Say we have an urn filled with 28 white balls, 1 red and 1 black ball. The probability of getting at least one of each red and black ball (even if in this case the distinction of -at least- does not matter...), can be computed like so:
$$\sum_{r=1}^1 \left(\sum_{b=1}^1 \frac{{1 \choose r}{1 \choose b}{28 \choose 3-r-b}}{{30\choose 3}}\right)=0.00689655...$$
As I have learned by now, another (MUCH more efficient way, once more copies of colored balls are in the urn, ie. 4 red and 4 black...) of computing this, is by calculating the probability of NOT getting a red ball + NOT getting a black ball + getting only white balls and subtracting the result of this addition from 1, like so:
$$1-2(\frac{{29 \choose 3}}{{30 \choose 3}}) + \frac{{28 \choose 3}}{{30 \choose 3}}=0.00689655...$$
Now, here is where I am pulling my hair for hours, and I really hope someone can shed some light!
Let's simply replace one white ball with a yellow one in the urn (so instead of 28 we now have 27 white, 1 yellow, 1 red and 1 black ball).
$$\sum_{y=1}^1\left(\sum_{r=1}^1 \left(\sum_{b=1}^1 \frac{{1 \choose y}{1 \choose r}{1 \choose b}{27 \choose 3-y-r-b}}{{30 \choose 3}}\right)\right)=0.000246305...$$
Alright, so far, so good.

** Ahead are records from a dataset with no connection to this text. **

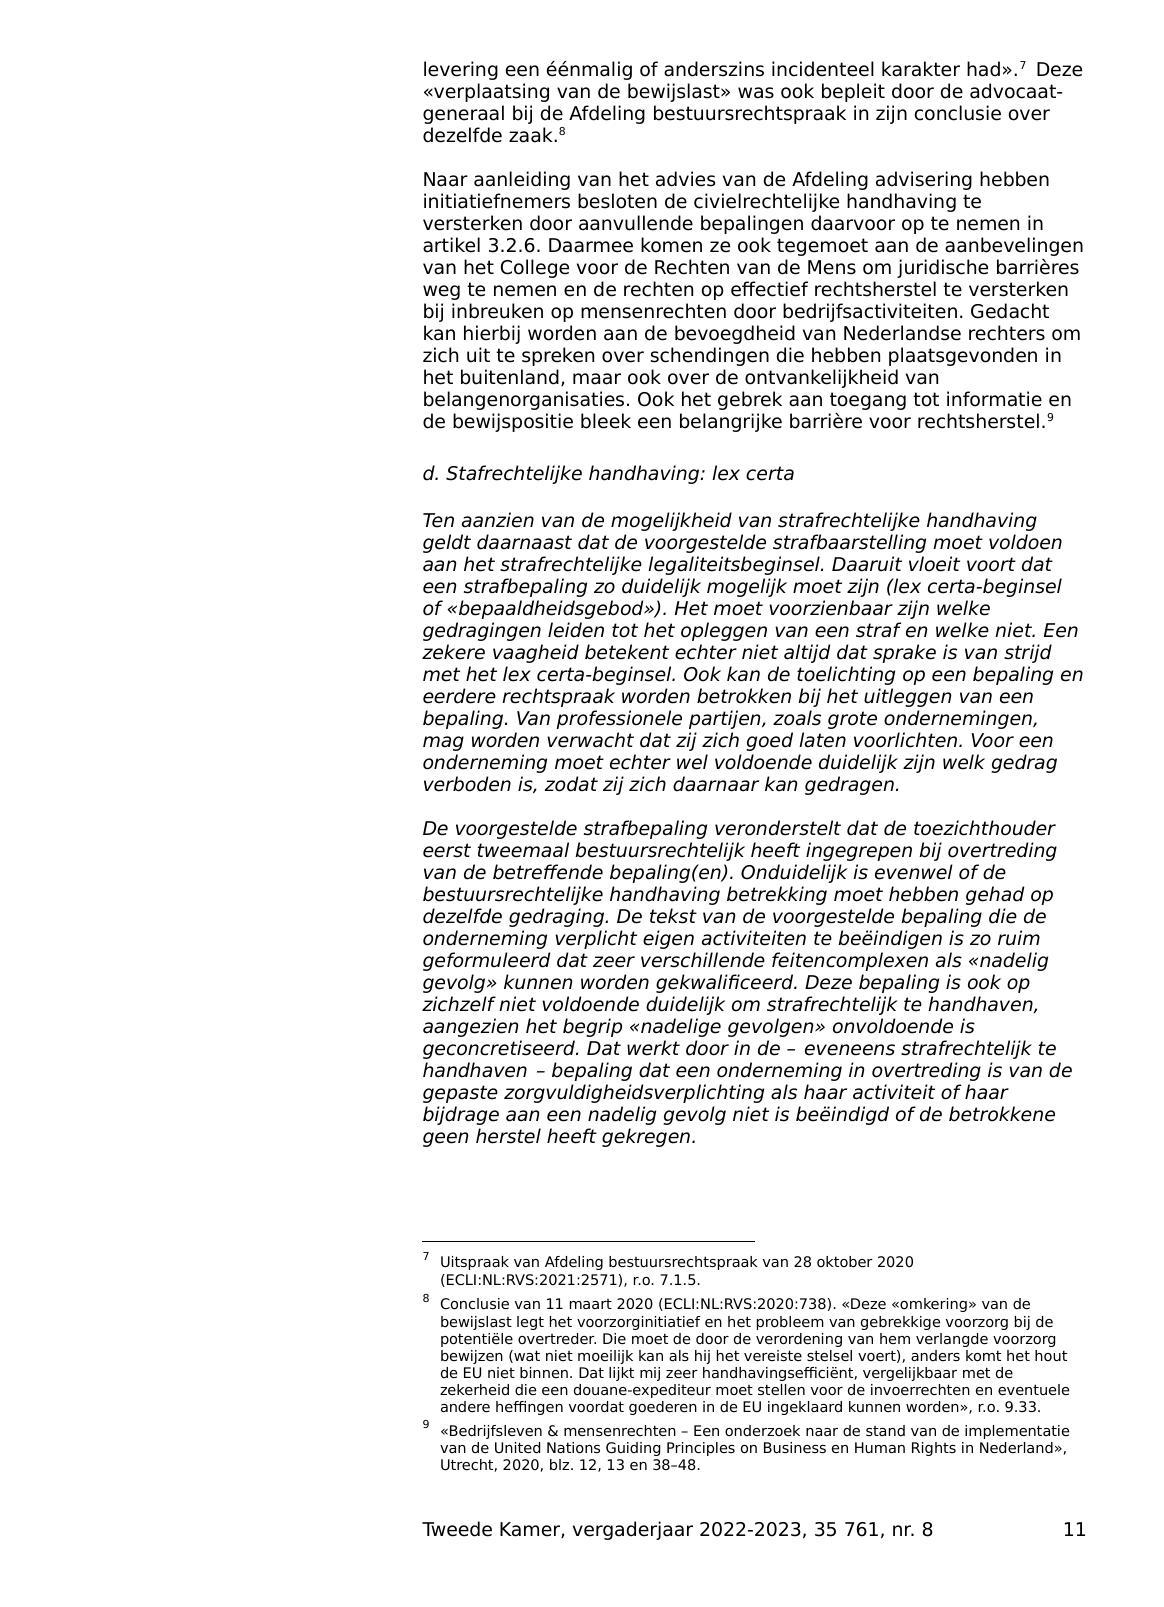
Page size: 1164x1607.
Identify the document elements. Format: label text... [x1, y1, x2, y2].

text Naar aanleiding van het advies van de Afdeling advisering hebben initiatiefnemers besloten de civielrechtelijke handhaving te versterken door aanvullende bepalingen daarvoor op te nemen in artikel 3.2.6. Daarmee komen ze ook tegemoet aan de aanbevelingen van het College voor de Rechten van de Mens om juridische barrières weg te nemen en de rechten op effectief rechtsherstel te versterken bij inbreuken op mensenrechten door bedrijfsactiviteiten. Gedacht kan hierbij worden aan de bevoegdheid van Nederlandse rechters om zich uit te spreken over schendingen die hebben plaatsgevonden in het buitenland, maar ook over de ontvankelijkheid van belangenorganisaties. Ook het gebrek aan toegang tot informatie en de bewijspositie bleek een belangrijke barrière voor rechtsherstel. [422, 169, 1087, 433]
text levering een éénmalig of anderszins incidenteel karakter had». Deze «verplaatsing van de bewijslast» was ook bepleit door de advocaat-generaal bij de Afdeling bestuursrechtspraak in zijn conclusie over dezelfde zaak. [422, 59, 1087, 147]
text Uitspraak van Afdeling bestuursrechtspraak van 28 oktober 2020 (ECLI:NL:RVS:2021:2571), r.o. 7.1.5. [422, 1250, 1087, 1289]
text Conclusie van 11 maart 2020 (ECLI:NL:RVS:2020:738). «Deze «omkering» van de bewijslast legt het voorzorginitiatief en het probleem van gebrekkige voorzorg bij de potentiële overtreder. Die moet de door de verordening van hem verlangde voorzorg bewijzen (wat niet moeilijk kan als hij het vereiste stelsel voert), anders komt het hout de EU niet binnen. Dat lijkt mij zeer handhavingsefficiënt, vergelijkbaar met de zekerheid die een douane-expediteur moet stellen voor de invoerrechten en eventuele andere heffingen voordat goederen in de EU ingeklaard kunnen worden», r.o. 9.33. [422, 1292, 1087, 1416]
text De voorgestelde strafbepaling veronderstelt dat de toezichthouder eerst tweemaal bestuursrechtelijk heeft ingegrepen bij overtreding van de betreffende bepaling(en). Onduidelijk is evenwel of de bestuursrechtelijke handhaving betrekking moet hebben gehad op dezelfde gedraging. De tekst van de voorgestelde bepaling die de onderneming verplicht eigen activiteiten te beëindigen is zo ruim geformuleerd dat zeer verschillende feitencomplexen als «nadelig gevolg» kunnen worden gekwalificeerd. Deze bepaling is ook op zichzelf niet voldoende duidelijk om strafrechtelijk te handhaven, aangezien het begrip «nadelige gevolgen» onvoldoende is geconcretiseerd. Dat werkt door in de – eveneens strafrechtelijk te handhaven – bepaling dat een onderneming in overtreding is van de gepaste zorgvuldigheidsverplichting als haar activiteit of haar bijdrage aan een nadelig gevolg niet is beëindigd of de betrokkene geen herstel heeft gekregen. [422, 818, 1087, 1147]
text «Bedrijfsleven & mensenrechten – Een onderzoek naar de stand van de implementatie van de United Nations Guiding Principles on Business en Human Rights in Nederland», Utrecht, 2020, blz. 12, 13 en 38–48. [422, 1418, 1087, 1474]
subtitle d. Stafrechtelijke handhaving: lex certa [422, 463, 1087, 485]
text Ten aanzien van de mogelijkheid van strafrechtelijke handhaving geldt daarnaast dat de voorgestelde strafbaarstelling moet voldoen aan het strafrechtelijke legaliteitsbeginsel. Daaruit vloeit voort dat een strafbepaling zo duidelijk mogelijk moet zijn (lex certa-beginsel of «bepaaldheidsgebod»). Het moet voorzienbaar zijn welke gedragingen leiden tot het opleggen van een straf en welke niet. Een zekere vaagheid betekent echter niet altijd dat sprake is van strijd met het lex certa-beginsel. Ook kan de toelichting op een bepaling en eerdere rechtspraak worden betrokken bij het uitleggen van een bepaling. Van professionele partijen, zoals grote ondernemingen, mag worden verwacht dat zij zich goed laten voorlichten. Voor een onderneming moet echter wel voldoende duidelijk zijn welk gedrag verboden is, zodat zij zich daarnaar kan gedragen. [422, 510, 1087, 796]
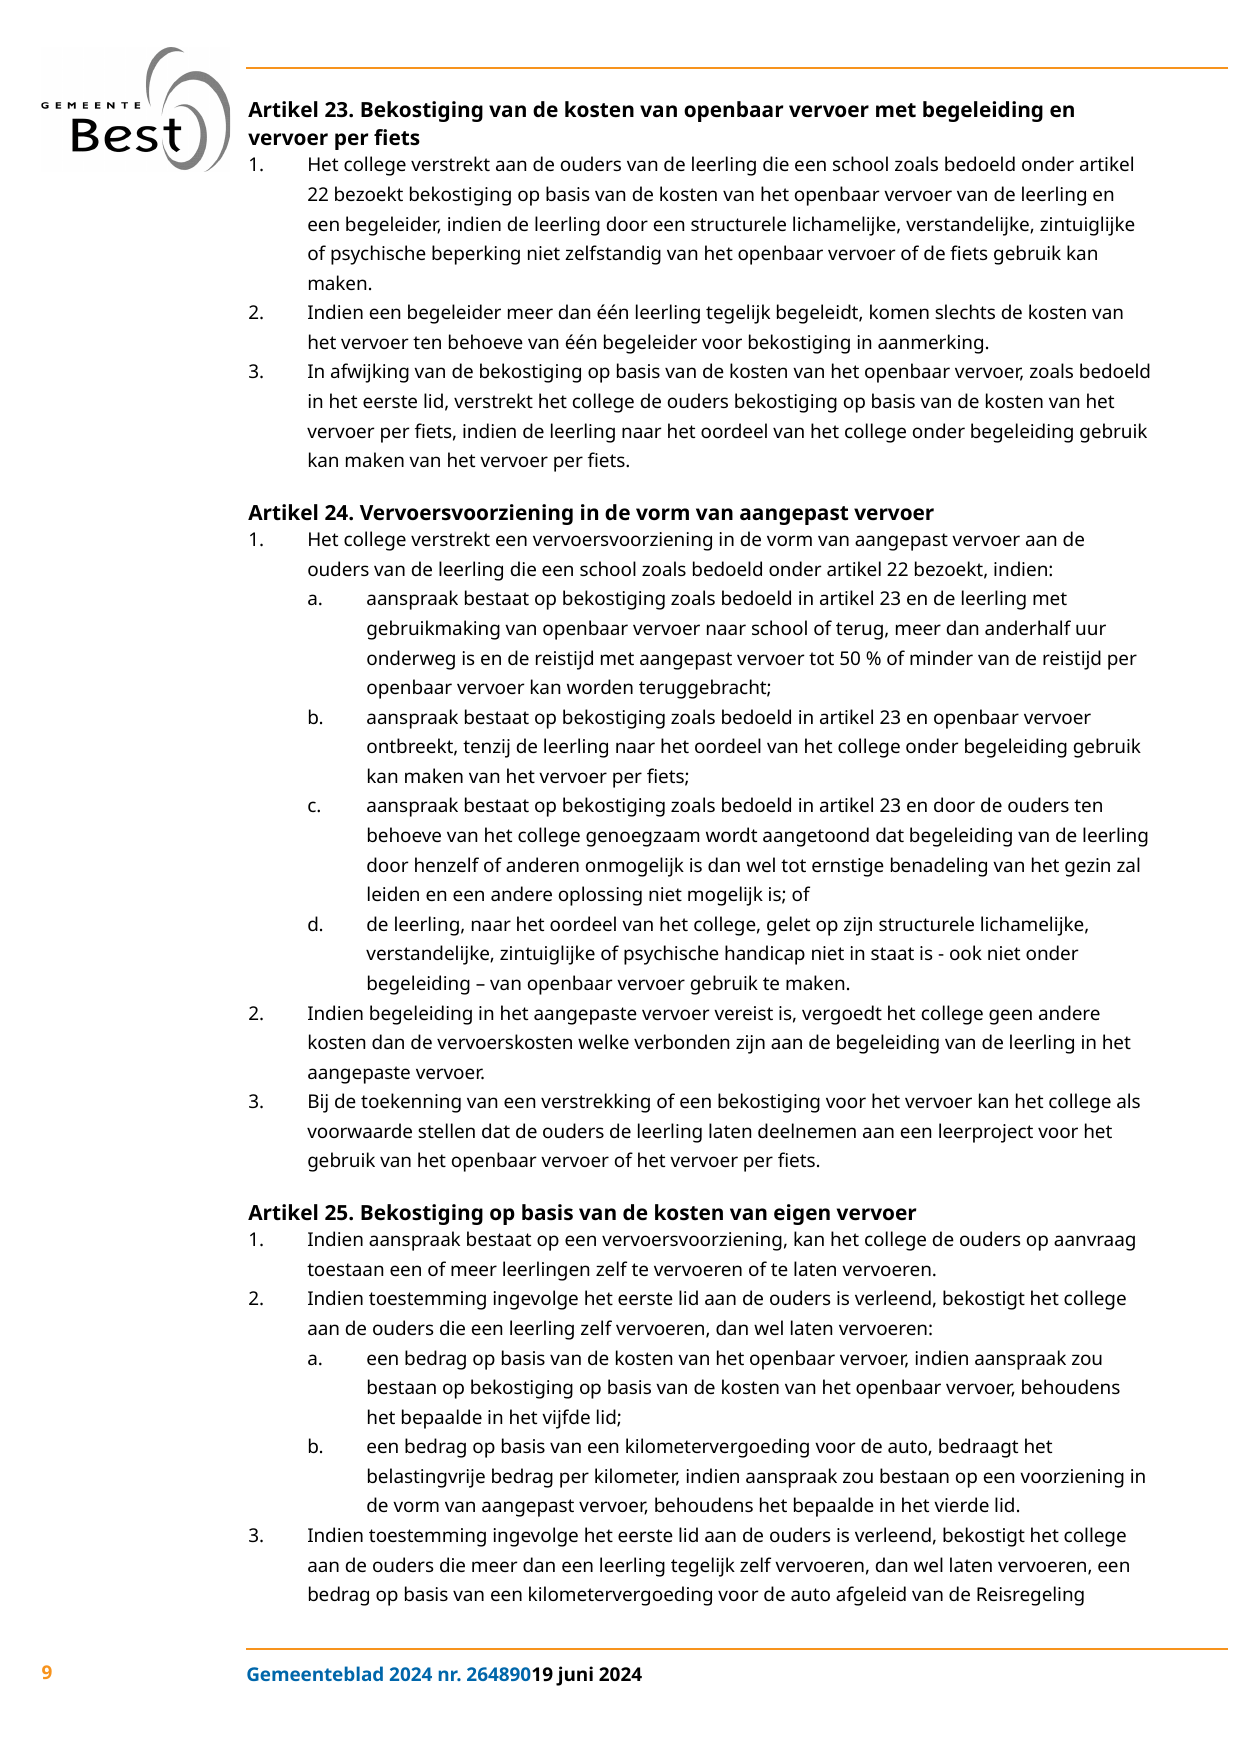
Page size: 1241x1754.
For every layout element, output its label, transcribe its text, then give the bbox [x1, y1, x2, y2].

text Artikel 25. Bekostiging op basis van de kosten van eigen vervoer [248, 1198, 1152, 1226]
list Het college verstrekt aan de ouders van de leerling die een school zoals bedoeld onder artikel 22 bezoekt bekostiging op basis van de kosten van het openbaar vervoer van de leerling en een begeleider, indien de leerling door een structurele lichamelijke, verstandelijke, zintuiglijke of psychische beperking niet zelfstandig van het openbaar vervoer of de fiets gebruik kan maken. [248, 152, 1152, 296]
list Indien begeleiding in het aangepaste vervoer vereist is, vergoedt het college geen andere kosten dan de vervoerskosten welke verbonden zijn aan de begeleiding van de leerling in het aangepaste vervoer. [248, 1000, 1152, 1084]
list Het college verstrekt een vervoersvoorziening in de vorm van aangepast vervoer aan de ouders van de leerling die een school zoals bedoeld onder artikel 22 bezoekt, indien: [248, 526, 1152, 582]
text Artikel 24. Vervoersvoorziening in de vorm van aangepast vervoer [248, 498, 1152, 526]
list Indien aanspraak bestaat op een vervoersvoorziening, kan het college de ouders op aanvraag toestaan een of meer leerlingen zelf te vervoeren of te laten vervoeren. [248, 1226, 1152, 1282]
list een bedrag op basis van de kosten van het openbaar vervoer, indien aanspraak zou bestaan op bekostiging op basis van de kosten van het openbaar vervoer, behoudens het bepaalde in het vijfde lid; [307, 1345, 1152, 1430]
list Bij de toekenning van een verstrekking of een bekostiging voor het vervoer kan het college als voorwaarde stellen dat de ouders de leerling laten deelnemen aan een leerproject voor het gebruik van het openbaar vervoer of het vervoer per fiets. [248, 1088, 1152, 1173]
list aanspraak bestaat op bekostiging zoals bedoeld in artikel 23 en de leerling met gebruikmaking van openbaar vervoer naar school of terug, meer dan anderhalf uur onderweg is en de reistijd met aangepast vervoer tot 50 % of minder van de reistijd per openbaar vervoer kan worden teruggebracht; [307, 586, 1152, 700]
list Indien een begeleider meer dan één leerling tegelijk begeleidt, komen slechts de kosten van het vervoer ten behoeve van één begeleider voor bekostiging in aanmerking. [248, 299, 1152, 355]
list Indien toestemming ingevolge het eerste lid aan de ouders is verleend, bekostigt het college aan de ouders die een leerling zelf vervoeren, dan wel laten vervoeren: [248, 1286, 1152, 1341]
list de leerling, naar het oordeel van het college, gelet op zijn structurele lichamelijke, verstandelijke, zintuiglijke of psychische handicap niet in staat is - ook niet onder begeleiding – van openbaar vervoer gebruik te maken. [307, 911, 1152, 996]
picture [41, 47, 231, 172]
list een bedrag op basis van een kilometervergoeding voor de auto, bedraagt het belastingvrije bedrag per kilometer, indien aanspraak zou bestaan op een voorziening in de vorm van aangepast vervoer, behoudens het bepaalde in het vierde lid. [307, 1433, 1152, 1518]
list In afwijking van de bekostiging op basis van de kosten van het openbaar vervoer, zoals bedoeld in het eerste lid, verstrekt het college de ouders bekostiging op basis van de kosten van het vervoer per fiets, indien de leerling naar het oordeel van het college onder begeleiding gebruik kan maken van het vervoer per fiets. [248, 359, 1152, 473]
list Indien toestemming ingevolge het eerste lid aan de ouders is verleend, bekostigt het college aan de ouders die meer dan een leerling tegelijk zelf vervoeren, dan wel laten vervoeren, een bedrag op basis van een kilometervergoeding voor de auto afgeleid van de Reisregeling [248, 1522, 1152, 1607]
list aanspraak bestaat op bekostiging zoals bedoeld in artikel 23 en door de ouders ten behoeve van het college genoegzaam wordt aangetoond dat begeleiding van de leerling door henzelf of anderen onmogelijk is dan wel tot ernstige benadeling van het gezin zal leiden en een andere oplossing niet mogelijk is; of [307, 793, 1152, 907]
text Artikel 23. Bekostiging van de kosten van openbaar vervoer met begeleiding en vervoer per fiets [248, 95, 1152, 152]
list aanspraak bestaat op bekostiging zoals bedoeld in artikel 23 en openbaar vervoer ontbreekt, tenzij de leerling naar het oordeel van het college onder begeleiding gebruik kan maken van het vervoer per fiets; [307, 704, 1152, 789]

Now let's try the more efficient computation method:
$$1-3(\frac{{29 \choose 3}}{{30 \choose 3}}) + \frac{{27 \choose 3}}{{30 \choose 3}}=-0.9795566$$
What? Why? Why are those results not matching? How can there be any difference between the two?
They're not just not matching; one of them is negative, so you already know which of them is wrong.
The problem may already start where you say "the probability of not getting a red ball + not getting a black ball + getting only white balls". This is not a description of the correct inclusion-exclusion calculation that follows. You need to add the probabilities of not getting a red ball and not getting a white ball and then subtract the probability of getting only white balls, i.e. getting neither a red, nor a black ball.
It seems that because you didn't understand that what you were doing in the first case was inclusion-exclusion, you failed to apply it properly in the second case. My advice would be to read up on inclusion-exclusion, understand why what you did in the first case was correct even though you described it incorrectly, then apply it to the second case (and then reconsider whether you think that this is a "MUCH more efficient way" to solve the present problem).